With names like Engkanto, Katipunan, Pedro, Lapu-Lapu and Sikatuna, Filipino craft beers have caught attention in the past few years. Micro-breweries producing specially-made brews in small batches have increased not just in Manila but all over the country.

For the purpose of trying something new, millennials tend to explore and experiment with the more diverse flavors of craft beers, according to a survey by dsm.com.

Craft beer is made in the traditional, non-mechanized way in a small brewery and is twice as strong compared to regular beers.

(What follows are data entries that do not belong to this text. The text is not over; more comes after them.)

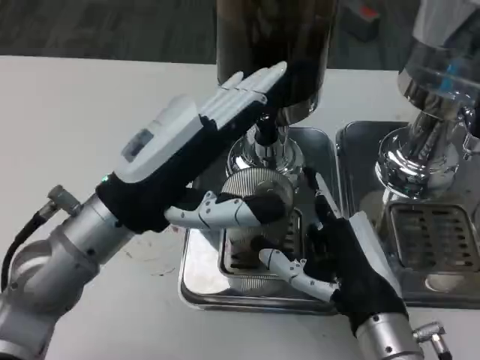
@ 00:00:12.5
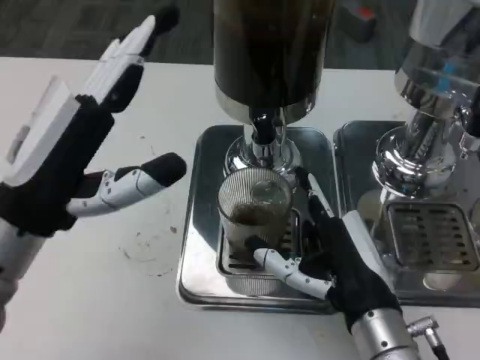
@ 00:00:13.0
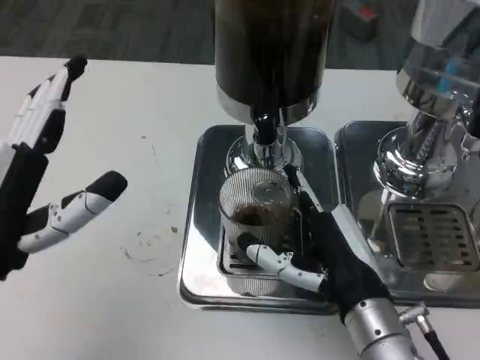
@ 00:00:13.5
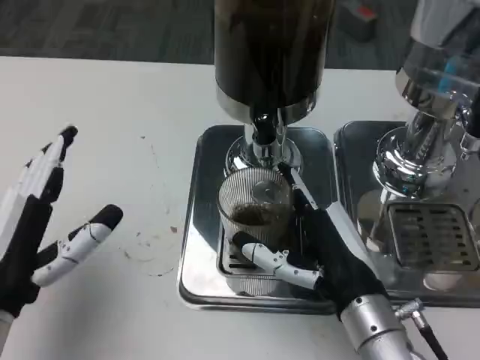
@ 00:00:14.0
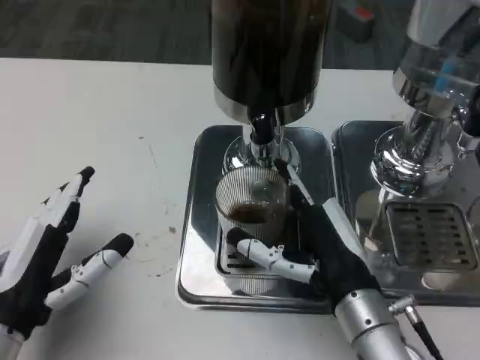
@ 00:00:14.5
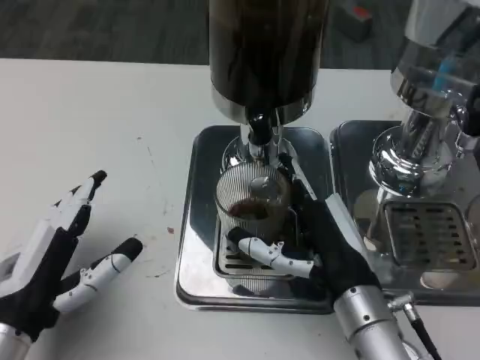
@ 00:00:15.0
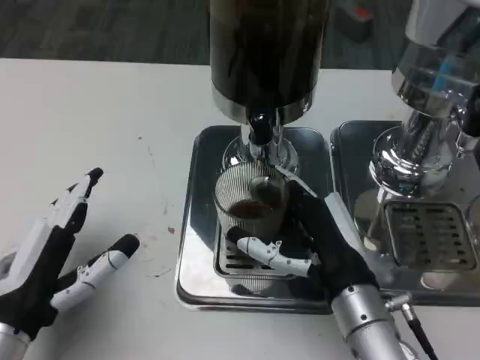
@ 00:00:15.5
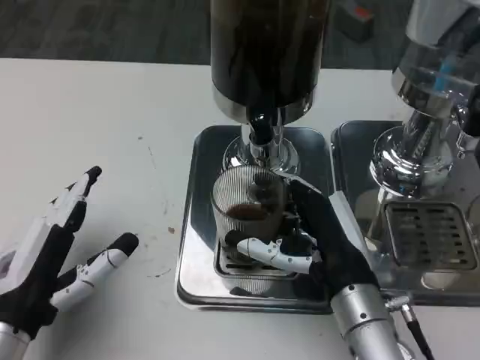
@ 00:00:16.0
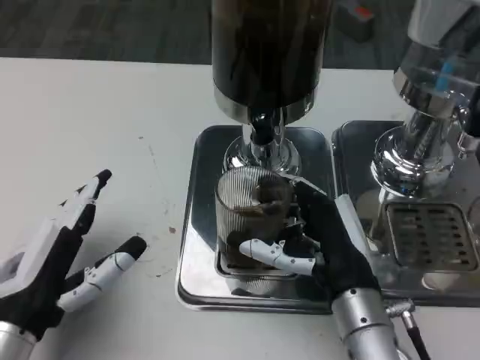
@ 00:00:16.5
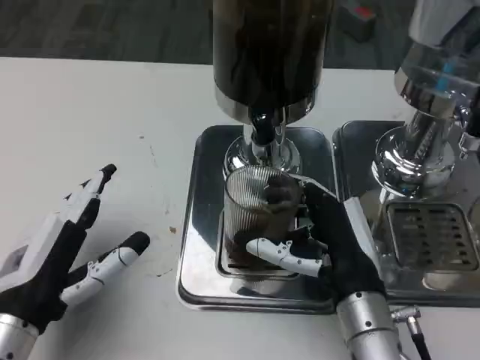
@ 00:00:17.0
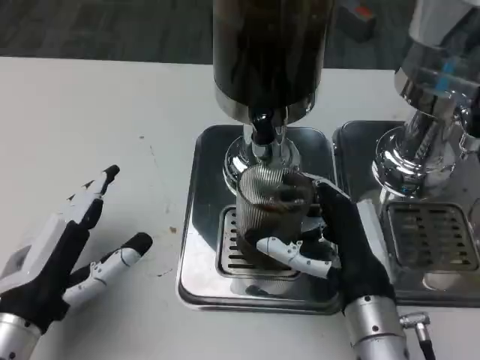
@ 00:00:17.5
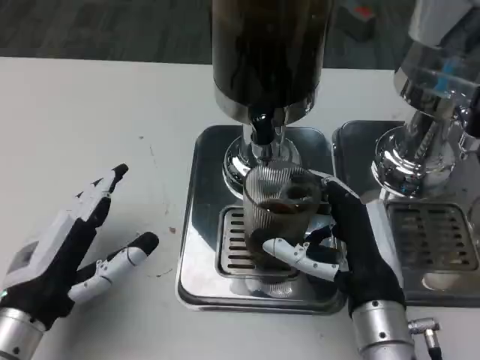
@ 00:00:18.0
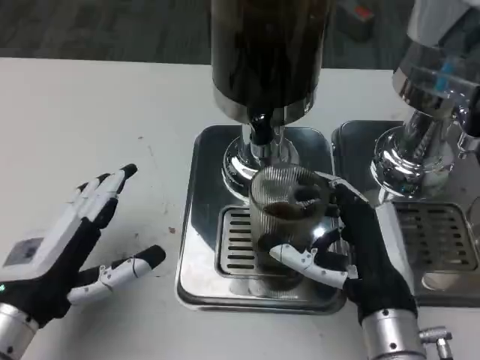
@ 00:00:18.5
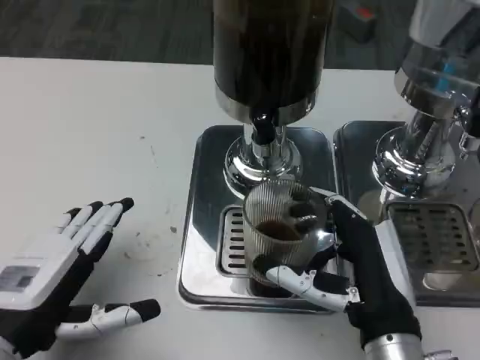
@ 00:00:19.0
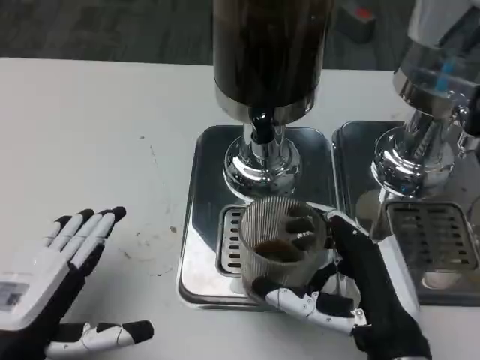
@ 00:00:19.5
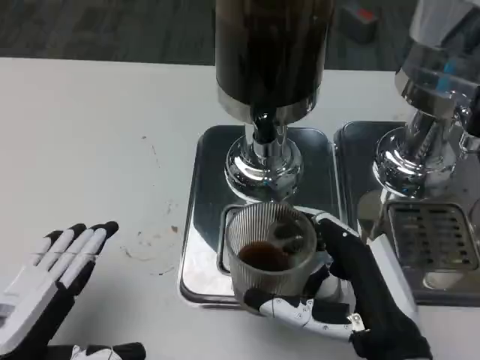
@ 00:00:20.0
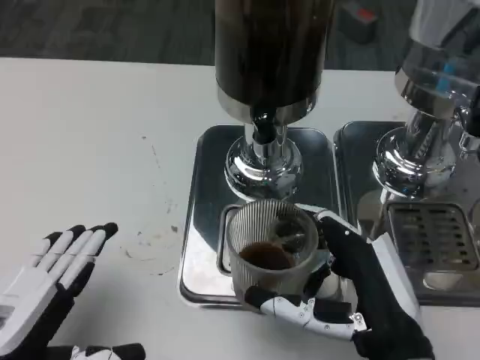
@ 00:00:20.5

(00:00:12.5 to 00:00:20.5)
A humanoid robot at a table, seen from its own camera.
Task of the whole recording: Grasp the cup under the faucet to collect the drink, then remove the cup.
00:00:12.5 - 00:00:14.5: The left hand moves downward, to the left and backward, some 15 cm.
00:00:14.5 - 00:00:18.5: The hands stay close to where they were, moving slightly.
00:00:18.5 - 00:00:20.5: Both hands travel together backward, approximately 5 cm.

According to the Craft Beer Association of the Philippines (CBAP), an organization that aims to promote local and independent breweries and craft beers in the country, the birth of homebrewers in the Philippines started in 2010. It was five years later that the number significantly grew as 15 breweries opened the same year, along with the establishment of CBAP.

A craft beer experience is always new, depending on the place, as local breweries add not just a twist and special ingredients into the mix, but demonstrate dedication to the craft. Now, it’s all about preferences, especially if local breweries offer some 200 variants.

 

CRAFT beer is twice as strong compared to regular beers. 
PHOTOGRAPH COURTESY OF UNSPLASH/MERITT THOMAS

As of 2019, CBAP signed over 60 local breweries nationwide with over 200+ diverse craft beer flavors in the Philippines. Beer is typically made of water, hops, grains and yeast, yet there are provinces in the country that offer organic, high-quality and unique ingredients in their local craft beers including salabat, rice, sticky rice and endemic fruits.

Throughout the metro are craft beer outlets in the corners of Taguig and Poblacion, Makati, to name a few.

Beer originated from the culture of the old Vikings and the Catholic Church and is considered to be the “world’s oldest drink.” It is also the most widely consumed by people.

According to ethnologist emerita Wigdis Espeland at the University of Bergen’s Department of Archaeology, History, Cultural Studies and Religion in an article on uib.no, there are traces of beer production much older than wine production — and, as usual, is made for festive occasions such as the winter solstices and funerals.

In unprecedented times, sometimes all it takes is the fizz and sizzle of one cold and delicious beer that can get people through their days.